Н. Г.А каково приходится жертвам сексуальной агрессивности?
И. С.Все зависит от обычая. Если женщина знает, что когда-то она подвергнется ритуальному домогательству мужчин, она вряд ли почувствует себя, после того как таковое произойдет, оскорбленной. В современном обществе с его культом частного, индивидного вмешательство в суверенные права личности распоряжаться своим эротическим телом делается уголовно наказуемым, а тот, кому приходится быть пациенсом этой ситуации, испытывает травматическое чувство отколотости от распространяющейся на социум сексуальной нормы. В “Histoire de la sexualite” (1976, 1984) Мишель Фуко показал, как государство утверждает свою власть, регламентируя сексуальное поведение подданных. Даже распространение в XIX веке scientia sexualis не меняет принципиально положения дел: научный дискурс, посвящающий себя эротическому телу, хочет господствовать над ним, требуя от информантов признаний, подобных тем, что делаются на церковной исповеди, имеющей репрессивную функцию.
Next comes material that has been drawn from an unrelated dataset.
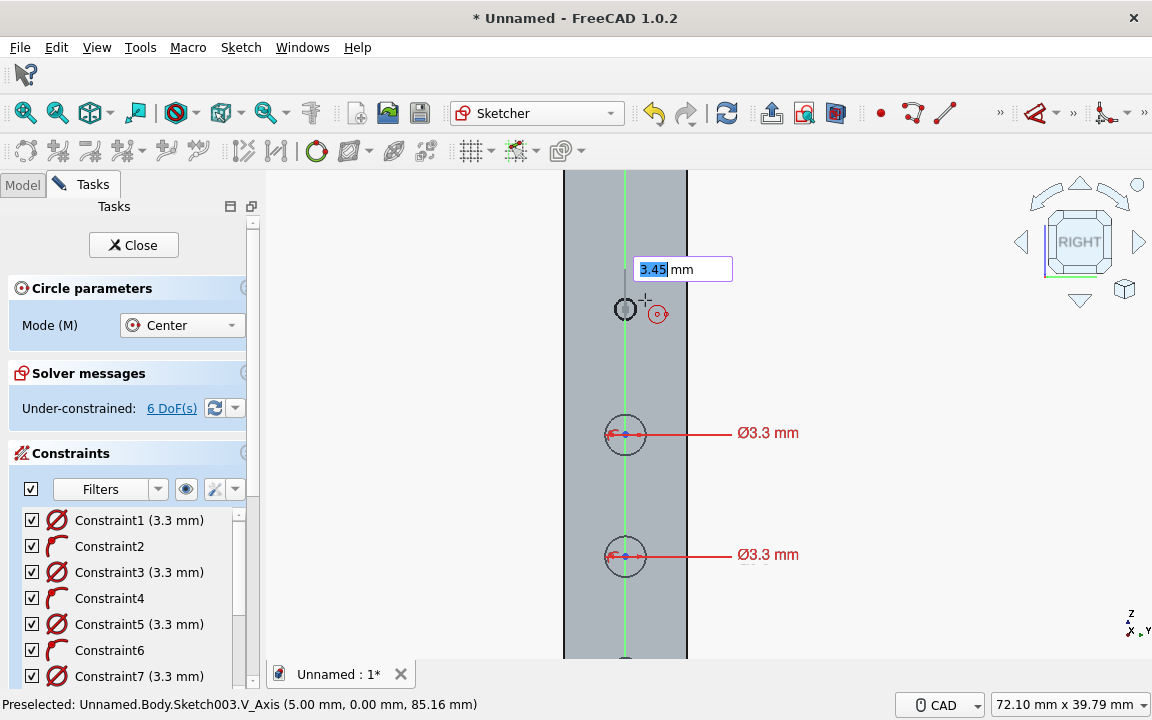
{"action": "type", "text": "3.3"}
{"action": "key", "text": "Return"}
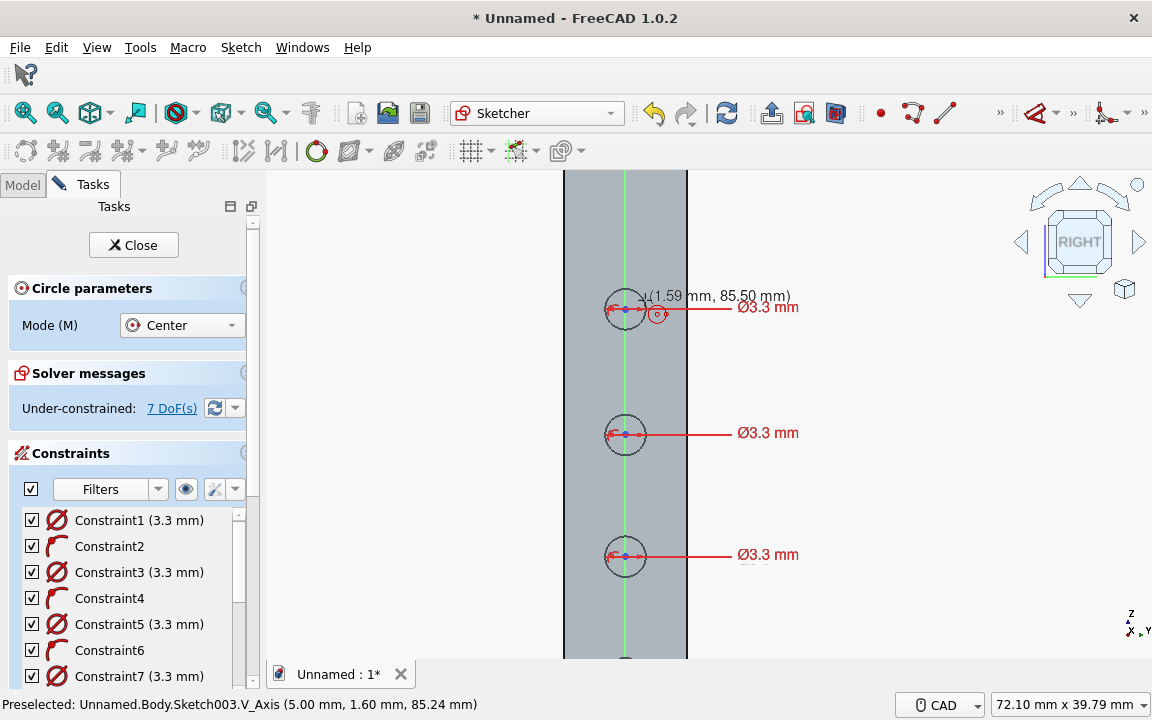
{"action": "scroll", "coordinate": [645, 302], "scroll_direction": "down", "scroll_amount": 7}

Власть, по Фуко, всегда проводит “биополитику”. Джорджио Агамбен в блестящей книге “Homo sacer” (1995) подхватил эту мысль, заострив ее: государство не оставляет человеку пространства собственно жизни, политизируя ее так, что даже создает концентрационные лагеря, где заключенные вовсе не могут автономизировать свои тела. Возникает вопрос: не есть ли запрет на изнасилование следствие, вытекающее не только из узаконивания того, что зовется sensus privatus, но и из возникновения государства, которое делает этот акт преступным постольку, поскольку монополизирует (как сказал бы Макс Вебер) насилие, превращая его из Эроса в Танатос? Иными словами, абсолютная центрированность власти в государственных органах непримиримо и, значит, смертоносно противостоит полицентризму человеческой витальности, отчего этатизм и рассматривает эротическое превосходство одних над другими в качестве опасной для себя, конкурентной противовласти.
Н. Г.Прошу извинения за то, что перебила вас. Вы начали говорить о “малых сих” и не завершили эту тему.